The hair stood up on Gry’s neck.

‘I am no diviner,’ she said fervently.

‘I, who can see a person’s soul-light, say it is otherwise. The light above your head is clear as crystal – and if that does not indicate a shaman who understands the speech of animals, I am not Darklis Faa! You were in luck, Ima woman. If I had not recognised a fellow-adept, you would have been a statue in my garden as quickly as Lord Koschei can say “Snipper-snap!” and turn his foes into woodlice.’

‘I can understand the Red Horse, Madam Faa, and the wolf, Mouse-Catcher; but their speech is as thought to me. I hear nothing and they certainly make no noise – they are animals after all and have their own ways of talking with tail and ears.’

‘I think you can also scry. Look at the tea leaves in your cup! What do they say?’.

‘I cannot read –’ Gry began; but there were no signs or letters in her cup. The tea leaves had crowded together in a dark mass which bubbled and sighed like marsh-mud and, settling, became the bottom of a clear pool. In this mirror there appeared first the Red Horse and, as the picture widened, a second horse or pony with a coat of dapple-grey. Gry’s hands trembled and the picture shimmered.

‘Be still!’ cried Darklis.

The Red Horse and his companion were grazing quietly in the glade, the Horse cropping near the mare and gallantly leaving her the most tender shoots.

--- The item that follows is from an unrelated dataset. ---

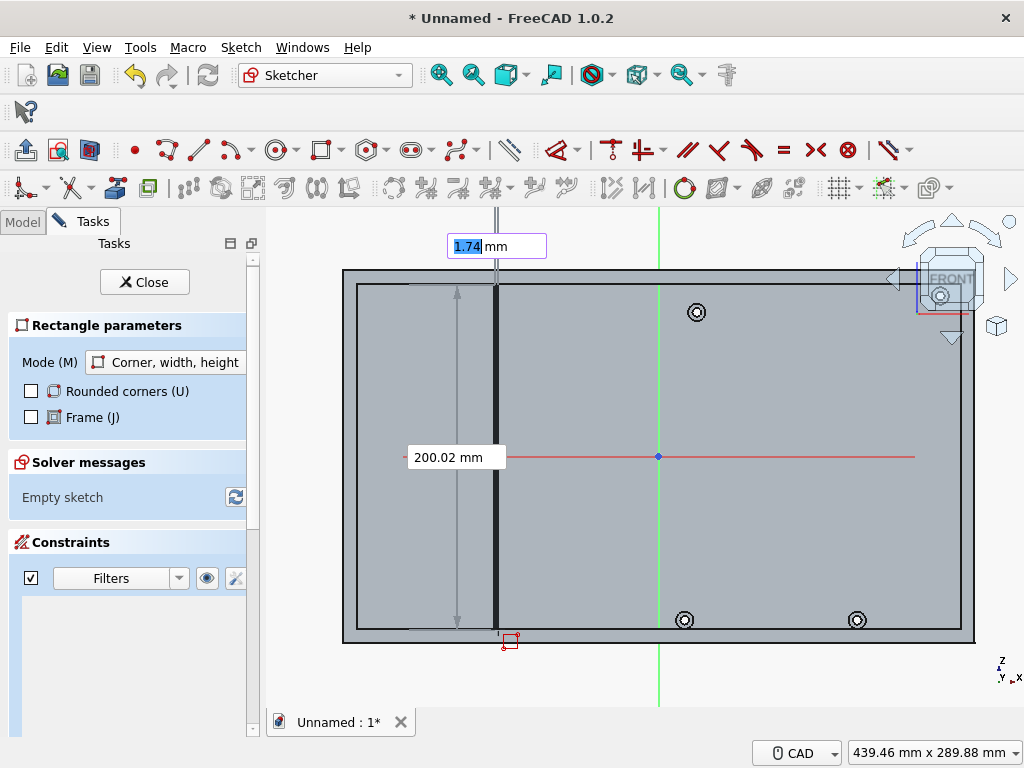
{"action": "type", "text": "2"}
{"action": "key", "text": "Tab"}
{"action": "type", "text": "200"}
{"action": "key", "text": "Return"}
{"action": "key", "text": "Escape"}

‘That is my Streggie,’ the gypsy explained.

Gry smiled, and felt a small pang of jealousy.

‘Your Horse is a finer specimen than the average Plains animal,’ said Darklis carelessly. ‘Fortunately for him, I discovered him before the nivasha got her teeth into his tender flesh. She’s a good girl, Hyaline, but she loves to tease animals – and drown them.’

The picture spun in the cup and the horses vanished. When it was still Gry saw a stoat, which had run into the clearing and frightened Darklis’s chickens into a huddle of ruffled feathers which the cockerel protected with neck and spurs outstretched.

‘What a fine house I have!’ gloated Darklis. ‘Better at guarding my possessions than a whole army of the Archmage’s soldiers.’

‘How does it turn itself about?’ Gry whispered. ‘For that is what it did when I arrived – and I did not believe my eyes.’

‘On its four feet – and by my enchantments, addlehead!’ cackled the witch. ‘How fortunate you are, little woman, to have found me and my canny home. What is your name? Will you give it me, for I have told you one of mine.’

‘The Ima have no superstitions about names,’ said Gry. ‘Our souls are our own and free. My name is Gry and I am the daughter of that Nandje I told you of, the Rider of the Red Horse and Imandi of all the Ima.’

‘Are you sure of your name, girl? “Gry” is the gypsy word for “horse”.’

‘It is the Ima word for “Princess of Horses”, Darklis Faa.’

‘Look into the bowl once more, Princess.’

Now, the hut itself was visible, squatting like a mother hen on its feet of twigs. The little flock had run beneath it and settled in the dust to bathe. Gry sighed, but did not know if she envied the chov-hani or was merely tired of her questions and her conversation. She yawned.

‘Show me – something wonderful, something I can only dream of such as Pargur, the illustrious Crystal City, or else the handsome knight I see when I sleep. Please, Darklis,’ she pleaded. ‘Show me a glad sight, something to cheer a fugitive.’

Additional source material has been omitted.